Policja w Brukseli brutalnie rozpędziła młodzież

Wczoraj w Brukseli tłumy młodych ludzi zgromadziły się w jednym z parków z okazji imprezy masowej, która okazała się primaaprilisowym żartem. Tłum brutalnie rozgoniła policja. Są zatrzymani i ranni.

Jeszcze w marcu, „nieznani sprawcy” zaplanowali na pierwszego kwietnia imprezę masową w jednym z brukselskich parków. Na koncercie miał wystąpić znany DJ i inne sławy. W wydarzeniu na „Facebooku” udział zadeklarowało 20 000 ludzi. Młodzież potraktowała zaproszenie poważnie i tysiące osób przyszło wczoraj do parku Bois de la Cambre.

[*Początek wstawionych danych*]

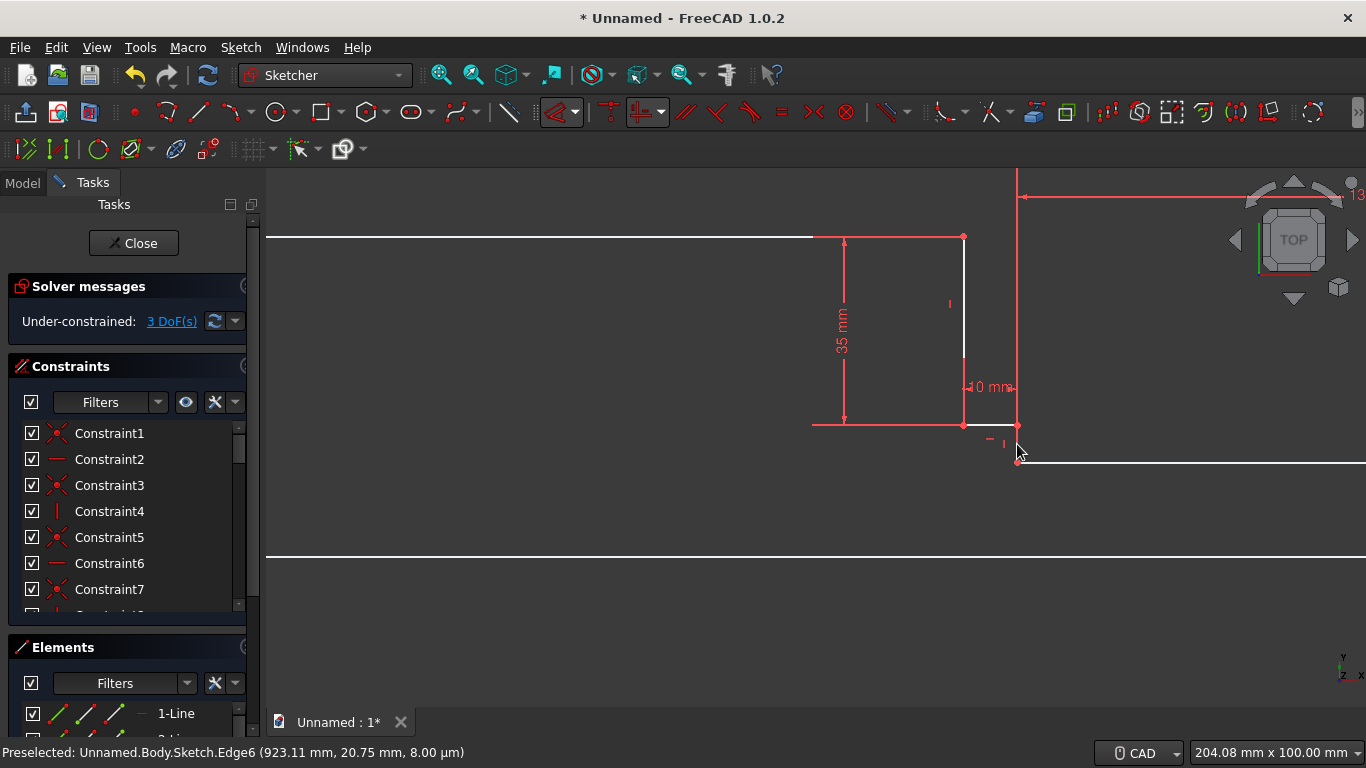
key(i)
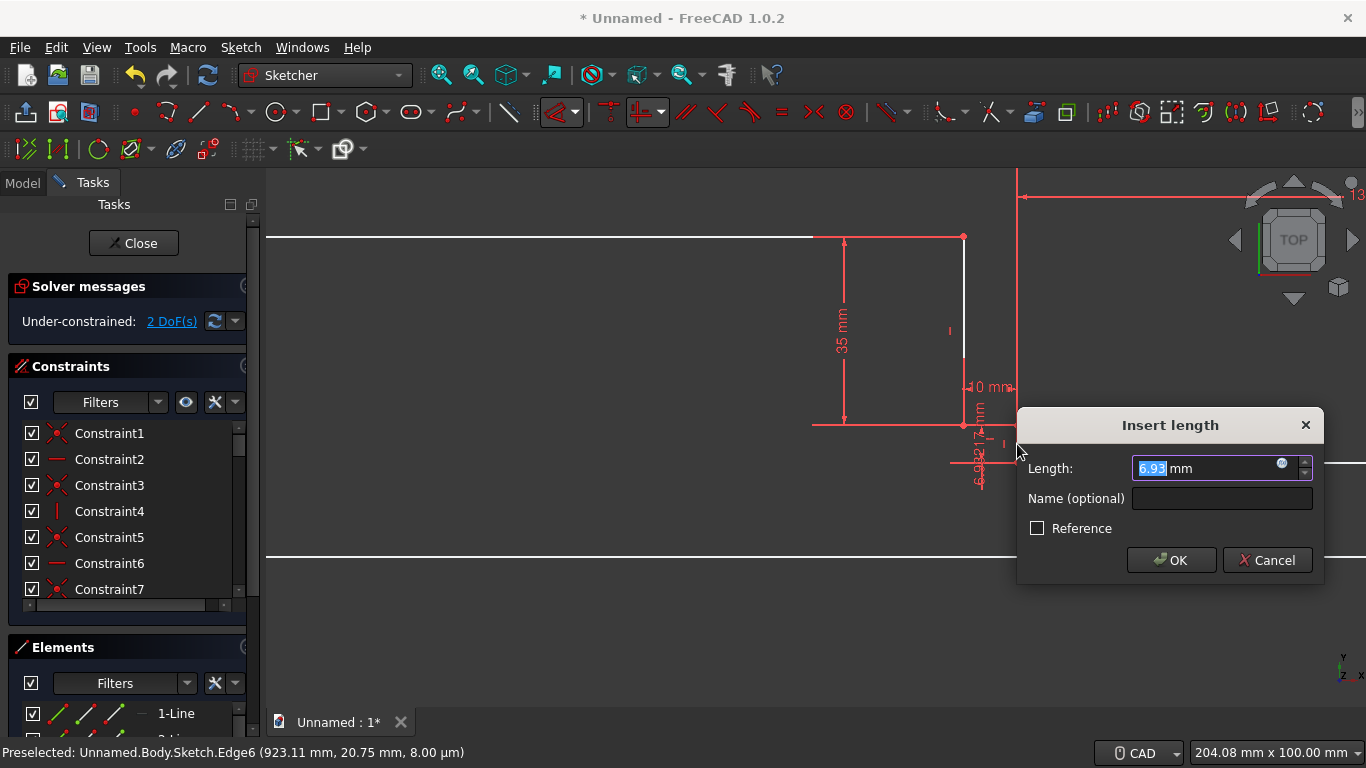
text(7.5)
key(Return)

Jeździli na rowerach, rolkach, opalali się na trawie, piknikowali. „Wiedziałem, że to żart, ale i tak postanowiłem przyjść” – mówi jeden z uczestników imprezy. Nikt nie spodziewał się jednak takiej reakcji policji.

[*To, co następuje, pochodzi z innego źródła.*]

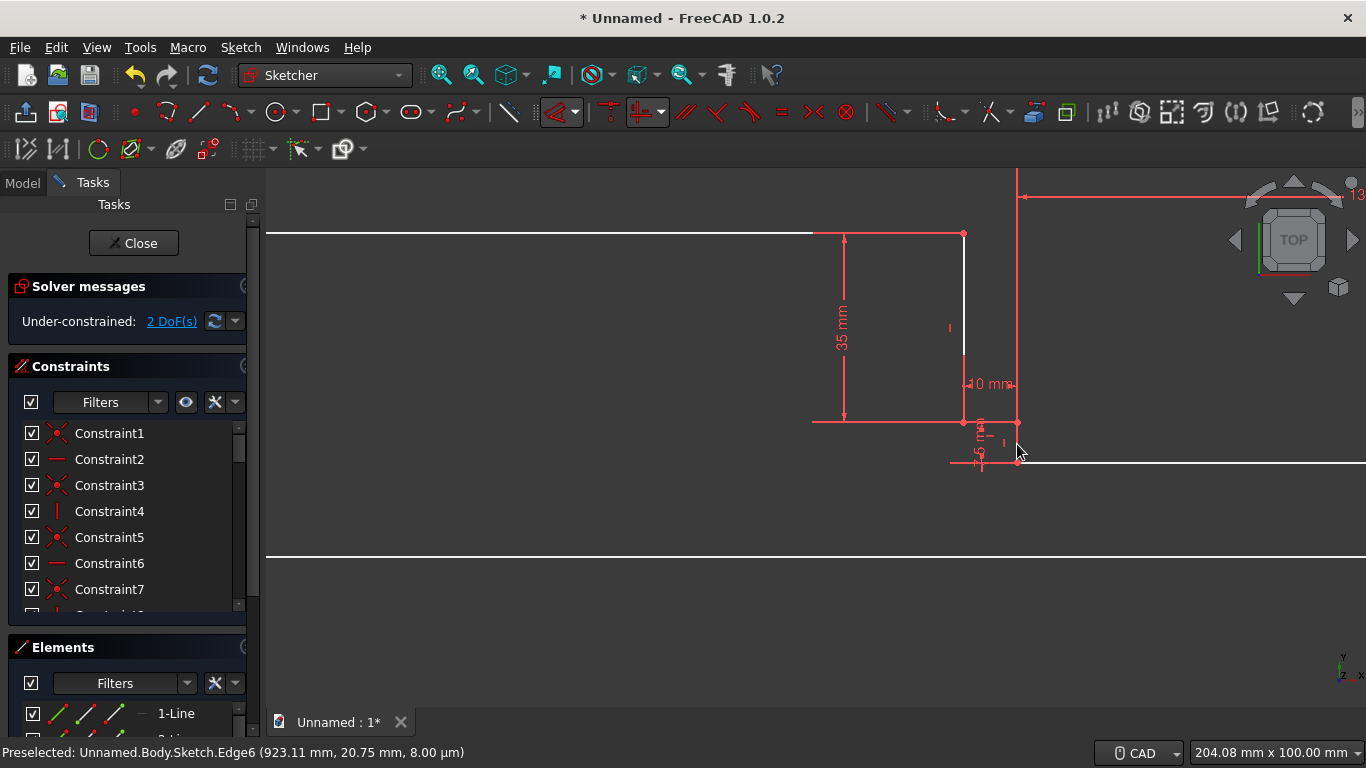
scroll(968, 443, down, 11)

Ponieważ Belgia również walczy z trzecią falą pandemii, szkoły są zamknięte i maksymalnie cztery osoby mogą uczestniczyć w zgromadzeniu, władze Brukseli postanowiły zareagować bardzo brutalnie. Do rozpędzenia tłumów młodzież wysłano oddziały policji konnej, użyto armatek wodnych i gazu łzawiącego. Na materiałach wideo można zobaczyć, jak policja konna tratuje kobietę, policjanci powalają osoby na ziemię i zakuwają w kajdanki. Ludzie krzyczą i uciekają w popłochu. Doszło do przepychanek z policją.

https://www.youtube.com/watch?v=Lpw05mL05OQ

Aresztowano 22 osoby, 8 jest rannych, w tym dwie ciężko ranne przewieziono do szpitala. Jak podaje portal „Newsandstar”, zniszczono dwa samochody policyjne i kilka koni również zostało rannych.